══ RECORDED DATA

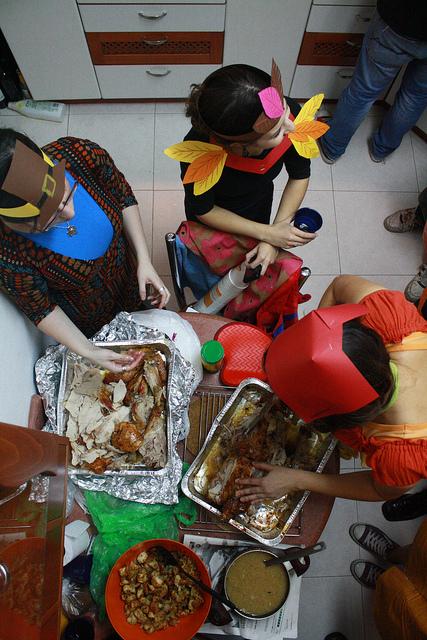Could these children be dressed like "Pilgrims"?
Concise answer only. Yes. Is this picture taken from below or above?
Give a very brief answer. Above. What kind of food is there?
Quick response, please. Turkey. 
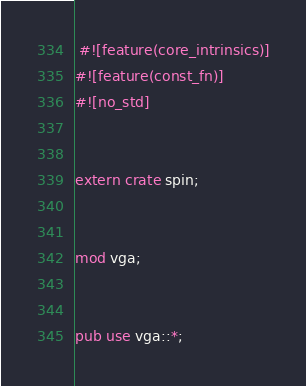Convert code to text. <code><loc_0><loc_0><loc_500><loc_500><_Rust_> #![feature(core_intrinsics)]
#![feature(const_fn)]
#![no_std]


extern crate spin;


mod vga;


pub use vga::*;
</code> 
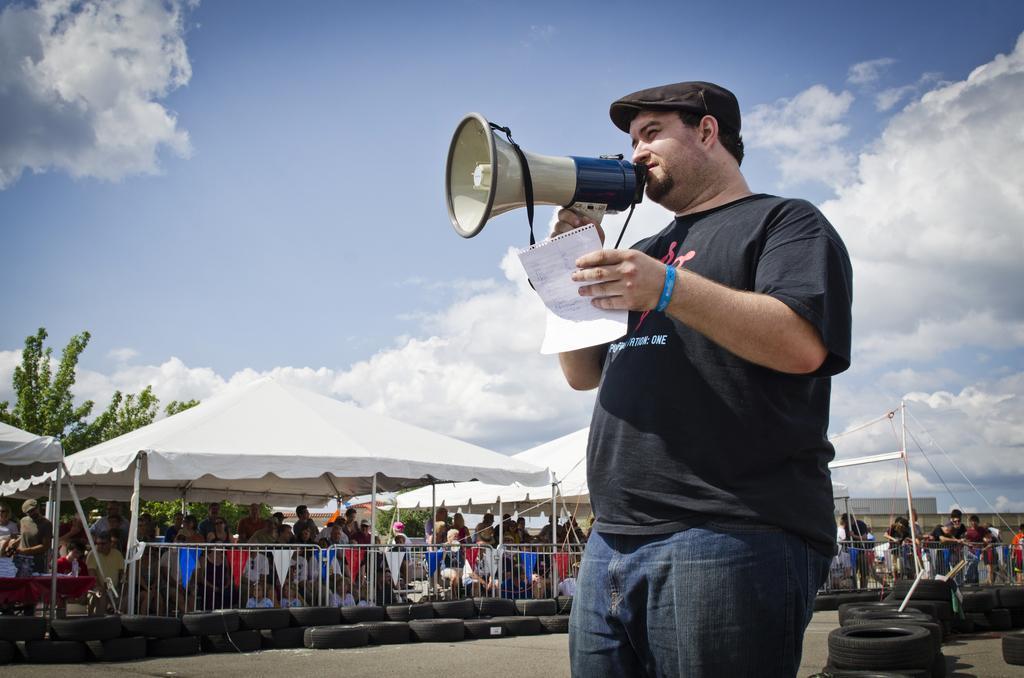Please provide a concise description of this image. In the image there is a man announcing something through a speaker and behind the man there are many wheels and there is a fencing around that area and behind the fencing there is a huge crowd. 
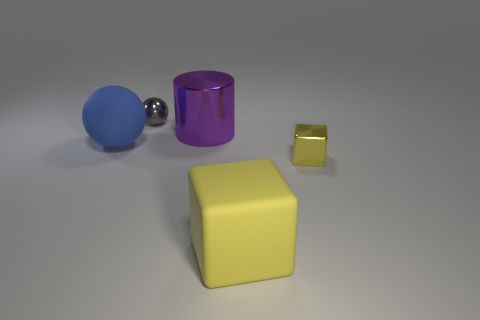Do the gray metal object and the rubber thing behind the big cube have the same size?
Your answer should be very brief. No. Is the number of tiny shiny balls to the right of the big purple metallic object less than the number of large blue matte things?
Keep it short and to the point. Yes. What material is the other thing that is the same shape as the large yellow thing?
Provide a succinct answer. Metal. What shape is the big thing that is both in front of the shiny cylinder and behind the shiny cube?
Your response must be concise. Sphere. There is a big object that is made of the same material as the large block; what shape is it?
Your answer should be compact. Sphere. What is the material of the big thing that is in front of the big rubber sphere?
Provide a succinct answer. Rubber. There is a ball that is in front of the big cylinder; does it have the same size as the rubber thing to the right of the large cylinder?
Offer a terse response. Yes. What is the color of the big metallic cylinder?
Give a very brief answer. Purple. There is a big rubber object behind the tiny yellow metallic object; is its shape the same as the large purple thing?
Make the answer very short. No. What material is the big yellow cube?
Keep it short and to the point. Rubber. 
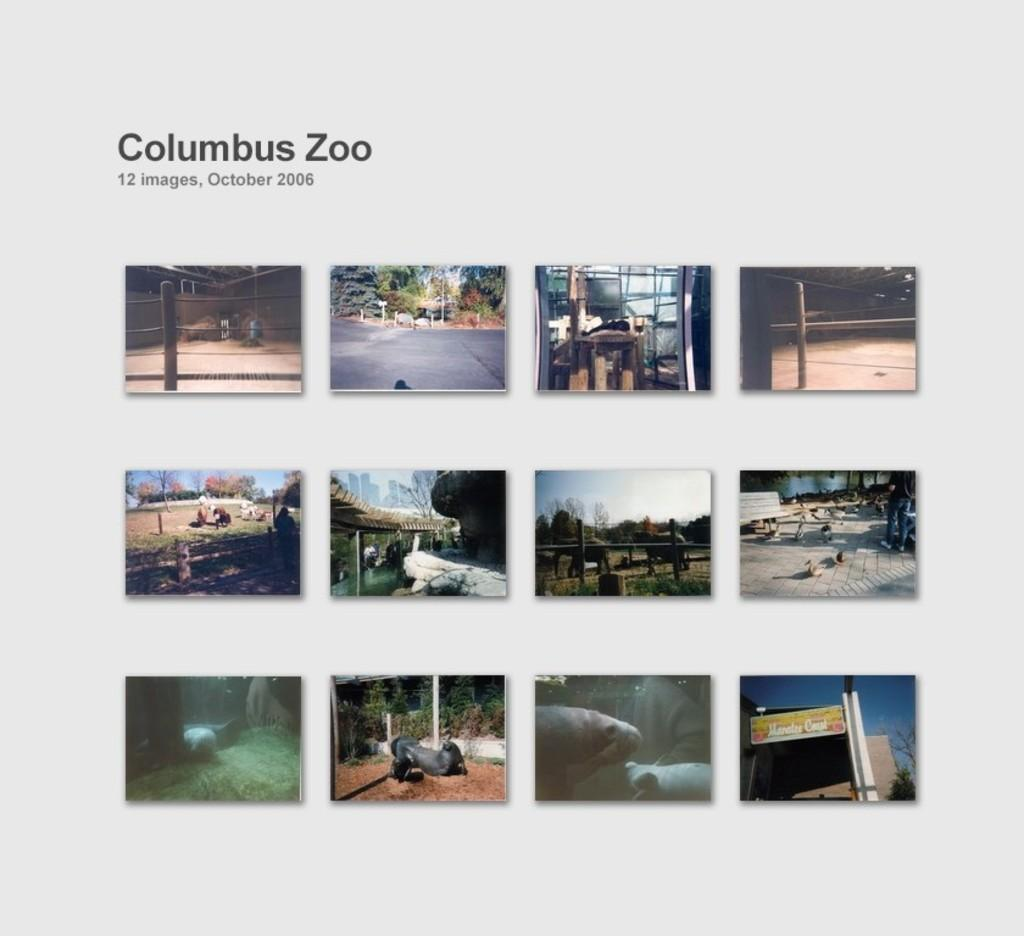What type of artwork is depicted in the image? The image is a collage. What can be found within the collage? The collage contains a group of images of different things. Is there any text present in the image? Yes, there is text present at the top of the collage. What type of tank is visible in the image? There is no tank present in the image; it is a collage containing various images and text. What type of agreement is being made in the image? There is no agreement being made in the image, as it is a collage of different images and text. 
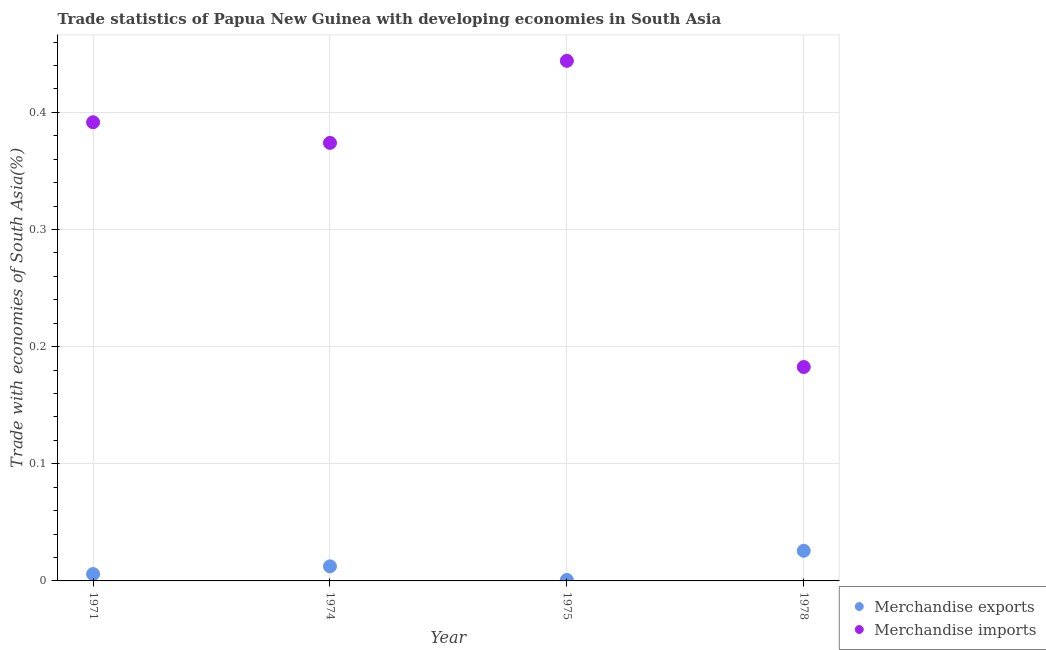How many different coloured dotlines are there?
Give a very brief answer. 2. What is the merchandise exports in 1974?
Offer a very short reply. 0.01. Across all years, what is the maximum merchandise exports?
Provide a succinct answer. 0.03. Across all years, what is the minimum merchandise imports?
Keep it short and to the point. 0.18. In which year was the merchandise exports maximum?
Provide a succinct answer. 1978. In which year was the merchandise imports minimum?
Offer a very short reply. 1978. What is the total merchandise imports in the graph?
Provide a succinct answer. 1.39. What is the difference between the merchandise imports in 1975 and that in 1978?
Offer a very short reply. 0.26. What is the difference between the merchandise imports in 1978 and the merchandise exports in 1971?
Keep it short and to the point. 0.18. What is the average merchandise imports per year?
Keep it short and to the point. 0.35. In the year 1975, what is the difference between the merchandise imports and merchandise exports?
Provide a succinct answer. 0.44. What is the ratio of the merchandise exports in 1971 to that in 1975?
Ensure brevity in your answer.  6.95. What is the difference between the highest and the second highest merchandise exports?
Your answer should be very brief. 0.01. What is the difference between the highest and the lowest merchandise imports?
Your answer should be very brief. 0.26. How many dotlines are there?
Provide a short and direct response. 2. How many years are there in the graph?
Your response must be concise. 4. What is the difference between two consecutive major ticks on the Y-axis?
Keep it short and to the point. 0.1. Are the values on the major ticks of Y-axis written in scientific E-notation?
Give a very brief answer. No. Where does the legend appear in the graph?
Offer a terse response. Bottom right. How are the legend labels stacked?
Your answer should be very brief. Vertical. What is the title of the graph?
Provide a succinct answer. Trade statistics of Papua New Guinea with developing economies in South Asia. What is the label or title of the Y-axis?
Ensure brevity in your answer.  Trade with economies of South Asia(%). What is the Trade with economies of South Asia(%) in Merchandise exports in 1971?
Provide a short and direct response. 0.01. What is the Trade with economies of South Asia(%) of Merchandise imports in 1971?
Ensure brevity in your answer.  0.39. What is the Trade with economies of South Asia(%) in Merchandise exports in 1974?
Keep it short and to the point. 0.01. What is the Trade with economies of South Asia(%) of Merchandise imports in 1974?
Your response must be concise. 0.37. What is the Trade with economies of South Asia(%) in Merchandise exports in 1975?
Give a very brief answer. 0. What is the Trade with economies of South Asia(%) in Merchandise imports in 1975?
Your answer should be compact. 0.44. What is the Trade with economies of South Asia(%) of Merchandise exports in 1978?
Offer a terse response. 0.03. What is the Trade with economies of South Asia(%) in Merchandise imports in 1978?
Provide a succinct answer. 0.18. Across all years, what is the maximum Trade with economies of South Asia(%) of Merchandise exports?
Your answer should be very brief. 0.03. Across all years, what is the maximum Trade with economies of South Asia(%) in Merchandise imports?
Offer a very short reply. 0.44. Across all years, what is the minimum Trade with economies of South Asia(%) in Merchandise exports?
Your answer should be very brief. 0. Across all years, what is the minimum Trade with economies of South Asia(%) in Merchandise imports?
Keep it short and to the point. 0.18. What is the total Trade with economies of South Asia(%) in Merchandise exports in the graph?
Keep it short and to the point. 0.04. What is the total Trade with economies of South Asia(%) in Merchandise imports in the graph?
Keep it short and to the point. 1.39. What is the difference between the Trade with economies of South Asia(%) in Merchandise exports in 1971 and that in 1974?
Provide a succinct answer. -0.01. What is the difference between the Trade with economies of South Asia(%) in Merchandise imports in 1971 and that in 1974?
Ensure brevity in your answer.  0.02. What is the difference between the Trade with economies of South Asia(%) in Merchandise exports in 1971 and that in 1975?
Make the answer very short. 0.01. What is the difference between the Trade with economies of South Asia(%) in Merchandise imports in 1971 and that in 1975?
Your response must be concise. -0.05. What is the difference between the Trade with economies of South Asia(%) of Merchandise exports in 1971 and that in 1978?
Offer a very short reply. -0.02. What is the difference between the Trade with economies of South Asia(%) of Merchandise imports in 1971 and that in 1978?
Give a very brief answer. 0.21. What is the difference between the Trade with economies of South Asia(%) of Merchandise exports in 1974 and that in 1975?
Provide a short and direct response. 0.01. What is the difference between the Trade with economies of South Asia(%) of Merchandise imports in 1974 and that in 1975?
Offer a very short reply. -0.07. What is the difference between the Trade with economies of South Asia(%) of Merchandise exports in 1974 and that in 1978?
Offer a terse response. -0.01. What is the difference between the Trade with economies of South Asia(%) in Merchandise imports in 1974 and that in 1978?
Your answer should be compact. 0.19. What is the difference between the Trade with economies of South Asia(%) of Merchandise exports in 1975 and that in 1978?
Provide a succinct answer. -0.02. What is the difference between the Trade with economies of South Asia(%) of Merchandise imports in 1975 and that in 1978?
Keep it short and to the point. 0.26. What is the difference between the Trade with economies of South Asia(%) of Merchandise exports in 1971 and the Trade with economies of South Asia(%) of Merchandise imports in 1974?
Keep it short and to the point. -0.37. What is the difference between the Trade with economies of South Asia(%) in Merchandise exports in 1971 and the Trade with economies of South Asia(%) in Merchandise imports in 1975?
Provide a short and direct response. -0.44. What is the difference between the Trade with economies of South Asia(%) of Merchandise exports in 1971 and the Trade with economies of South Asia(%) of Merchandise imports in 1978?
Offer a terse response. -0.18. What is the difference between the Trade with economies of South Asia(%) in Merchandise exports in 1974 and the Trade with economies of South Asia(%) in Merchandise imports in 1975?
Your answer should be very brief. -0.43. What is the difference between the Trade with economies of South Asia(%) of Merchandise exports in 1974 and the Trade with economies of South Asia(%) of Merchandise imports in 1978?
Your response must be concise. -0.17. What is the difference between the Trade with economies of South Asia(%) in Merchandise exports in 1975 and the Trade with economies of South Asia(%) in Merchandise imports in 1978?
Ensure brevity in your answer.  -0.18. What is the average Trade with economies of South Asia(%) in Merchandise exports per year?
Offer a terse response. 0.01. What is the average Trade with economies of South Asia(%) in Merchandise imports per year?
Your answer should be very brief. 0.35. In the year 1971, what is the difference between the Trade with economies of South Asia(%) in Merchandise exports and Trade with economies of South Asia(%) in Merchandise imports?
Provide a short and direct response. -0.39. In the year 1974, what is the difference between the Trade with economies of South Asia(%) in Merchandise exports and Trade with economies of South Asia(%) in Merchandise imports?
Make the answer very short. -0.36. In the year 1975, what is the difference between the Trade with economies of South Asia(%) of Merchandise exports and Trade with economies of South Asia(%) of Merchandise imports?
Ensure brevity in your answer.  -0.44. In the year 1978, what is the difference between the Trade with economies of South Asia(%) in Merchandise exports and Trade with economies of South Asia(%) in Merchandise imports?
Provide a short and direct response. -0.16. What is the ratio of the Trade with economies of South Asia(%) of Merchandise exports in 1971 to that in 1974?
Your response must be concise. 0.47. What is the ratio of the Trade with economies of South Asia(%) in Merchandise imports in 1971 to that in 1974?
Ensure brevity in your answer.  1.05. What is the ratio of the Trade with economies of South Asia(%) of Merchandise exports in 1971 to that in 1975?
Offer a very short reply. 6.95. What is the ratio of the Trade with economies of South Asia(%) of Merchandise imports in 1971 to that in 1975?
Provide a short and direct response. 0.88. What is the ratio of the Trade with economies of South Asia(%) of Merchandise exports in 1971 to that in 1978?
Your answer should be very brief. 0.23. What is the ratio of the Trade with economies of South Asia(%) in Merchandise imports in 1971 to that in 1978?
Offer a terse response. 2.14. What is the ratio of the Trade with economies of South Asia(%) of Merchandise exports in 1974 to that in 1975?
Offer a terse response. 14.77. What is the ratio of the Trade with economies of South Asia(%) of Merchandise imports in 1974 to that in 1975?
Provide a succinct answer. 0.84. What is the ratio of the Trade with economies of South Asia(%) in Merchandise exports in 1974 to that in 1978?
Your answer should be compact. 0.48. What is the ratio of the Trade with economies of South Asia(%) of Merchandise imports in 1974 to that in 1978?
Provide a succinct answer. 2.05. What is the ratio of the Trade with economies of South Asia(%) in Merchandise exports in 1975 to that in 1978?
Your response must be concise. 0.03. What is the ratio of the Trade with economies of South Asia(%) of Merchandise imports in 1975 to that in 1978?
Offer a terse response. 2.43. What is the difference between the highest and the second highest Trade with economies of South Asia(%) of Merchandise exports?
Offer a very short reply. 0.01. What is the difference between the highest and the second highest Trade with economies of South Asia(%) of Merchandise imports?
Offer a terse response. 0.05. What is the difference between the highest and the lowest Trade with economies of South Asia(%) in Merchandise exports?
Offer a terse response. 0.02. What is the difference between the highest and the lowest Trade with economies of South Asia(%) in Merchandise imports?
Your answer should be compact. 0.26.

════

WHAT YOU ARE ASKED TO DO.
Check the entries above line by line and return each one containing the word "major".

WORKED SOLUTION.
Your response must be concise. 4. What is the difference between two consecutive major ticks on the Y-axis?
Keep it short and to the point. 0.1. Are the values on the major ticks of Y-axis written in scientific E-notation?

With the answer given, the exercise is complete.